翻资料翻到想翻白眼的黎安和所有莘莘学子一样,一副身体被掏空,睛尽人已亡的衰样伏在桌面上,额头抵着书本,双肩垮下来,双臂下垂悬在桌面以下,刚准备眯几分钟缓缓神,就感觉对面坐下个人,还用手指在他面前的桌面上哒哒哒的敲,敲得他脑子里的神经都跟着咚咚咚地跳。
黎安面色如冤魂地把头抬起来,正对上纪越钧一张阳光灿烂的笑脸,“你这几天怎么没找我?还当你心情不好准备弃学了呢。”
黎安缓缓晃动了一下僵硬的脖子,免强做出个摇头的动作,有气无力:“不会弃的……你弃我都不弃。”
纪越钧笑嘻嘻的把一听罐装咖啡推到他面前,黎安贱兮兮摇头,一脸嫌弃,压低声音道:“咖啡我只喝现磨的。”
纪越钧笑,起开咖啡自己喝,黎安平时只喝自己保温杯里的水,里面不是泡枸杞就是泡菊花,其实论自律,纪越钧觉得黎安比自己强。
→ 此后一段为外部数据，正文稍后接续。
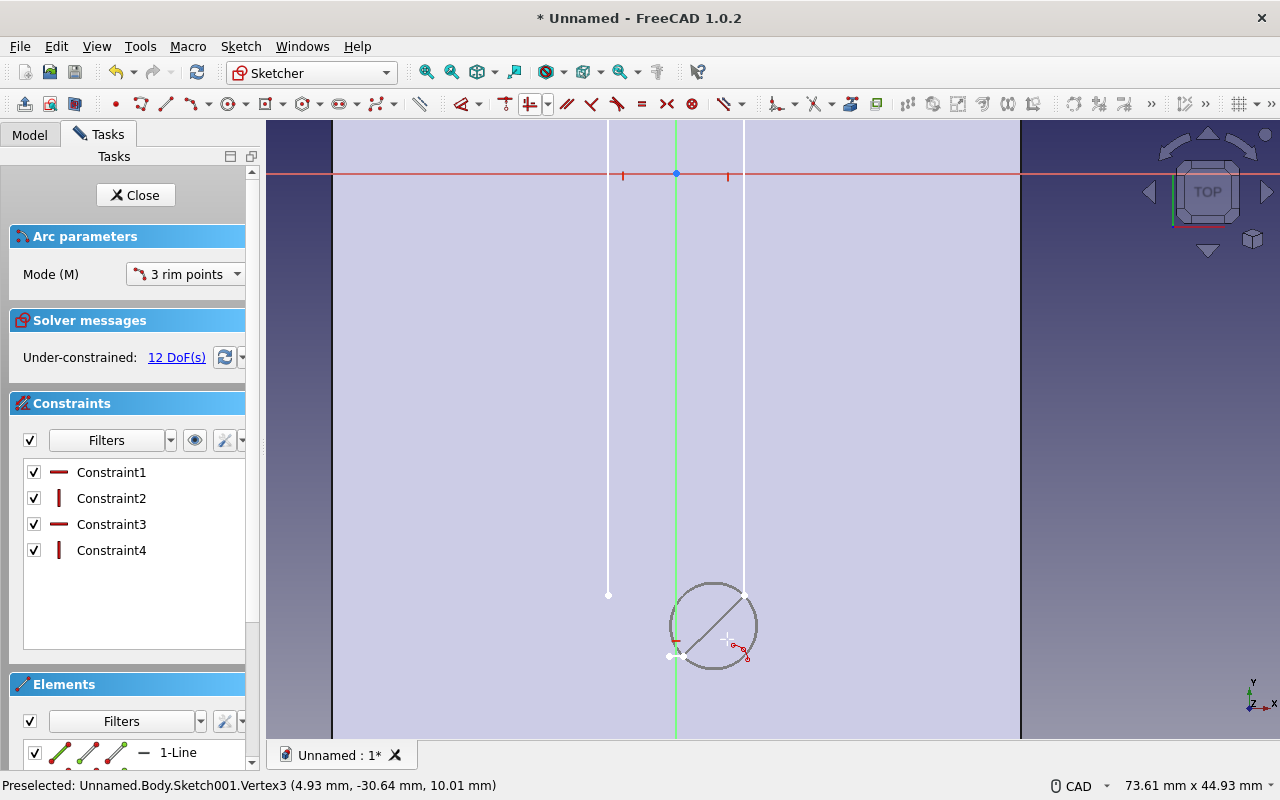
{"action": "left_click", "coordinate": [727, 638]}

“走啊,吃饭去。”纪越钧继续提意,黎安继续摇头:“我不饿。”开启三连拒模式。
纪越钧这回真迷惑了,问:“你怎么回事?上课不找我,不喝我的水,不和我一起吃饭,我是哪儿得罪你了吗?”
黎安终于把身体挺直,活动两下肩膀靠在椅背上,又四下扫了一眼,神神秘秘的道:“你家隆隆,每次见我都一副欲言又止的样子,我怕他见我见得多了把他给憋死。”
“哈——!”纪越钧刚笑一声赶紧抬起手把嘴捂上,又把音量降回5分贝左右,“你误会他了,他是自己恋爱脑发作,想找人倾述,又不知道怎么开口。”
“你不是人?”黎安哼了一声。
“我……”纪越钧母胎solo至今,连当个情感顾问都遭人嫌弃。如果对方不是颜隆,这情况必须原地决交。
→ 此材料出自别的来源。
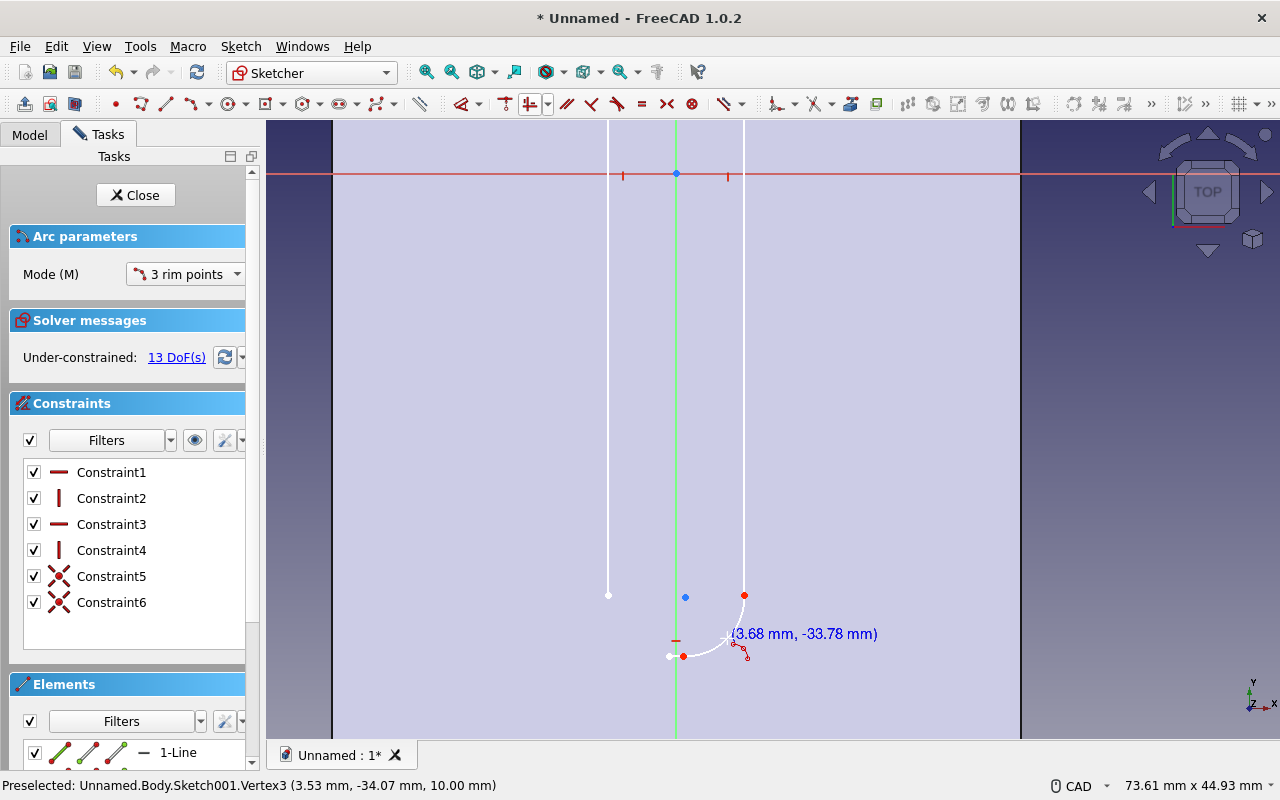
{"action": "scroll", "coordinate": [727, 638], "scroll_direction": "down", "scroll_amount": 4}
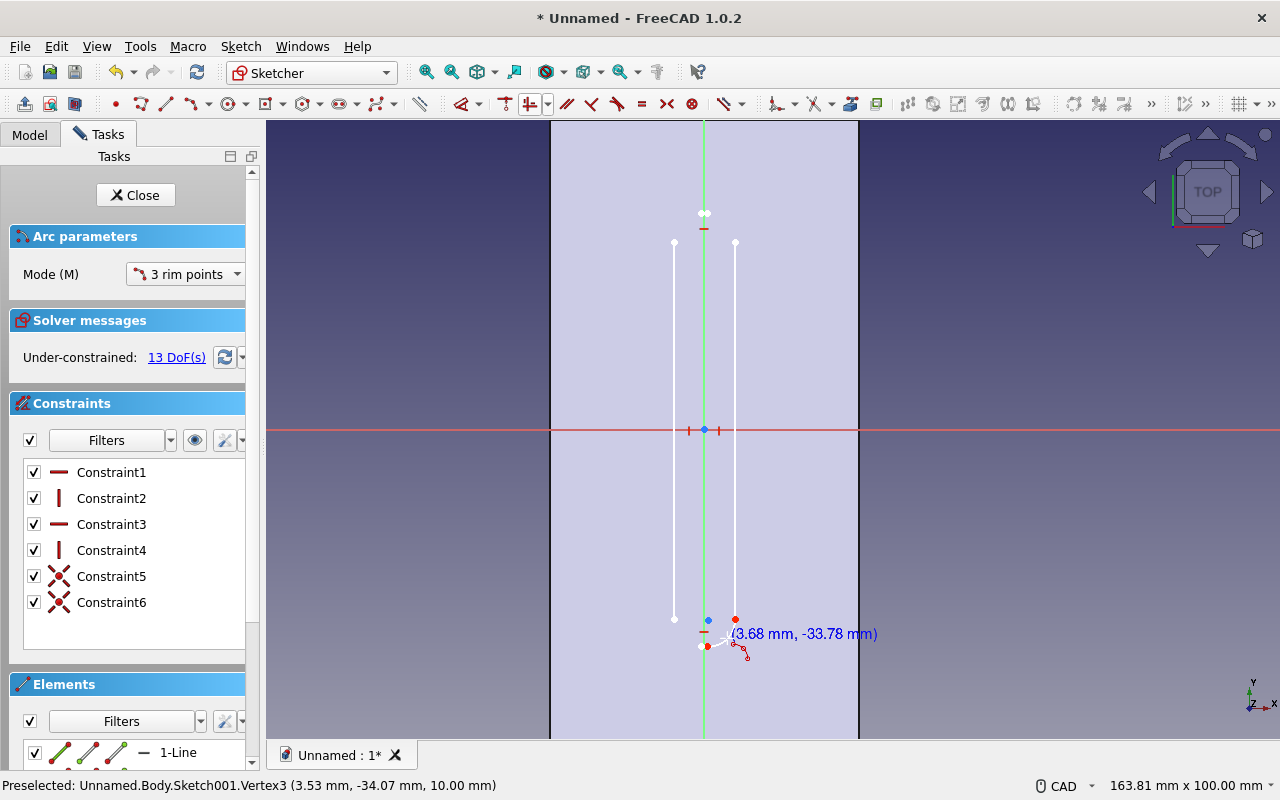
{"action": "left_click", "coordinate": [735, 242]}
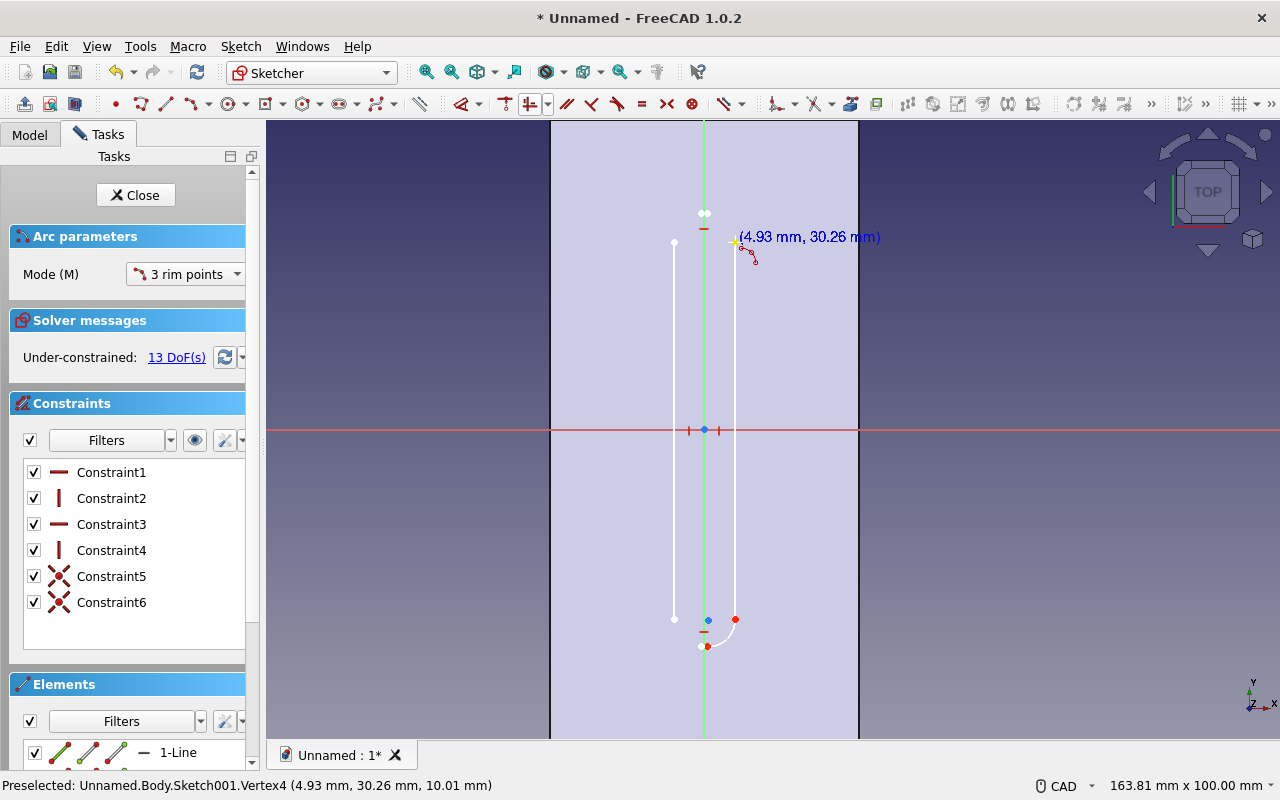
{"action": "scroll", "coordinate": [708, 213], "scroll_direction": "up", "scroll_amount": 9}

再看看黎安只吊一口气儿的衰样,压了压心里的失落,哄劝道:“走吧走吧,反正不是你想的那样,冯总前天还说让你帮我们一起做毕设呢,你跟这闹什么别扭啊?”
他们到食堂的时候,颜隆已经点好菜,等他们坐下就直接开动起来。
一开始仨人都没说话,饭吃到一半的时候,颜隆忽然抬头直愣愣的看着黎安,问:“你什么时候发现自己喜欢男人的?”
“啥?”黎安一脸都是“这啥玩意”的表情,心说:兄弟!您这直球打得也忒直了!大厅广众的想让我说啥?
颜隆重重叹了口气,又若无其事道:“没事没事,吃饭。”
等饭后一起晃荡回宿舍午休,纪越钧开始把颜隆的少年の烦恼向黎安娓娓道来。
颜隆拍了一部校园纯爱耽美剧,和剧里的CP演出真感情了,俩人之前都是大直男,都交过不只一个女朋友,现在都很困惑,大致情况就这样。
黎安在床上趴的像条咸鱼,说:“你这故事放寒武纪小说网都没人看,太平淡了。”
颜隆郁闷,平摊在床上开启了巨人式委屈,用不大的声音嘟囔:“我就想知道,我到底是不是……你对自己性向一开始就这么坦然的吗?”
“我十九岁第一次,就是和白墨,就是你们在什刹海见过那位。后来也和女人有过,有没有感觉,一看身材二看脸,我没觉得自己性向有什么问题。”黎安语调毫无波澜。
颜隆再次沉默,黎安抬头隔着过道看了他一眼,面有愁色,继续悠悠道:“我觉得……是不是不重要,行不行才是重点,你如果真喜欢他,就去试一试。”
颜隆翻了个身,学黎安的样子趴成一条咸鱼,然后跟他脸对脸隔岸对望,“如果他不敢呢?”
“你又不会怀孕,他有什么不敢的?”黎安表情稳重的像个传道授业的老父亲,声音沉沉的道:“其实感情这个东西,开始之前的犹豫就是已经动心了,爱过之后的犹豫就是准备绝情了,你以为自己还没有决定,其实决定早在你自己心里了。”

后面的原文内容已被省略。